TASK REQUIREMENTS ::
Set down exactly the stretch of lines below that opens at the line containing "For every layout" and continues through the last line of the entries, and nothing else.

= Beginning of Section =

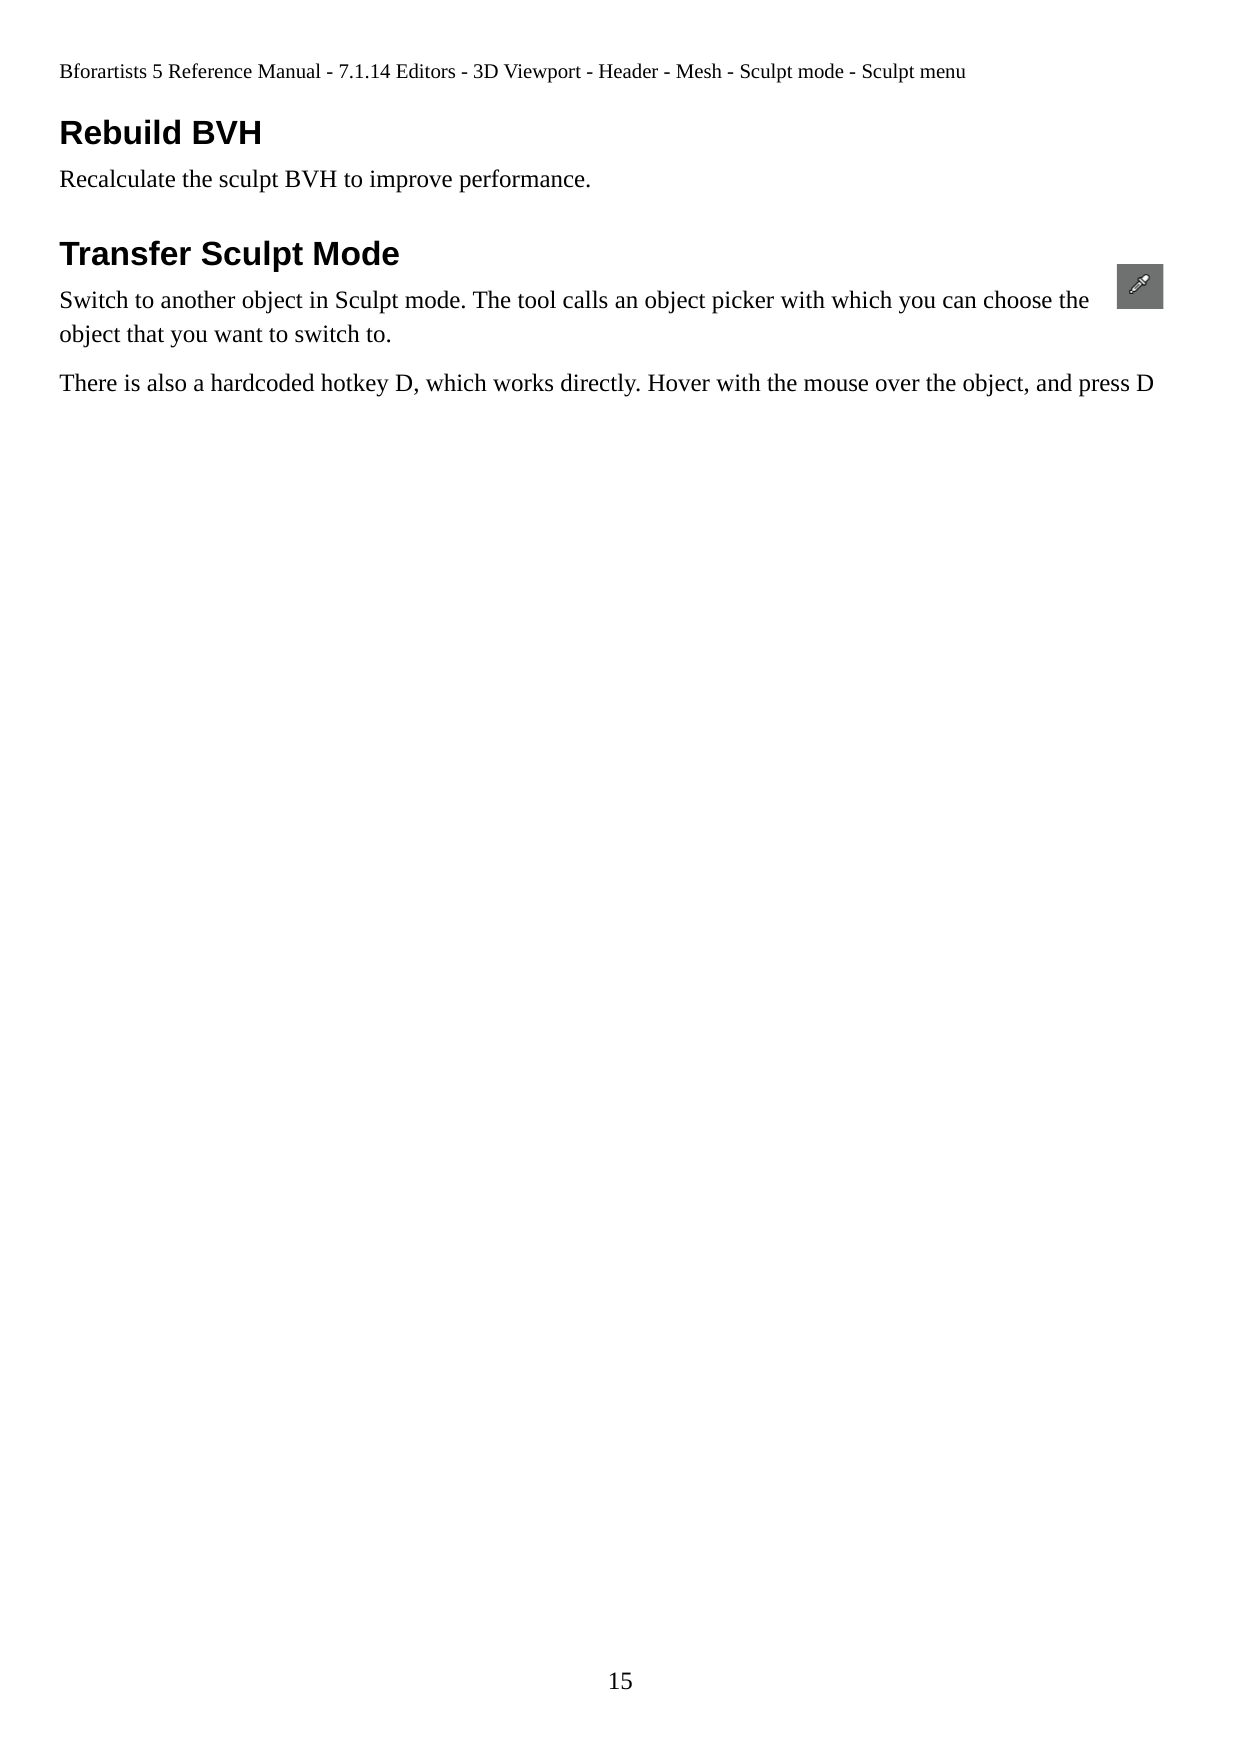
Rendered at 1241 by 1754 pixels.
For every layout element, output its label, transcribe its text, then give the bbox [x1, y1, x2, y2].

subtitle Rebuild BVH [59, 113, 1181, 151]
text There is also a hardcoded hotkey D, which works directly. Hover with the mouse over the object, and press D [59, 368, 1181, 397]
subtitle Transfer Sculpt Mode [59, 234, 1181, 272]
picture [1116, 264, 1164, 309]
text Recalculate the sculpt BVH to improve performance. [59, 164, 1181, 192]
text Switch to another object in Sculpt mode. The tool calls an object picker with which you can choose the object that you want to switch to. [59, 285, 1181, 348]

= End of Section =

EXERCISE RESULT ::
For every layout element, output its label, transcribe its text, then give the bbox [x1, y1, x2, y2].

subtitle Rebuild BVH [59, 113, 1181, 151]
text There is also a hardcoded hotkey D, which works directly. Hover with the mouse over the object, and press D [59, 368, 1181, 397]
subtitle Transfer Sculpt Mode [59, 234, 1181, 272]
picture [1116, 264, 1164, 309]
text Recalculate the sculpt BVH to improve performance. [59, 164, 1181, 192]
text Switch to another object in Sculpt mode. The tool calls an object picker with which you can choose the object that you want to switch to. [59, 285, 1181, 348]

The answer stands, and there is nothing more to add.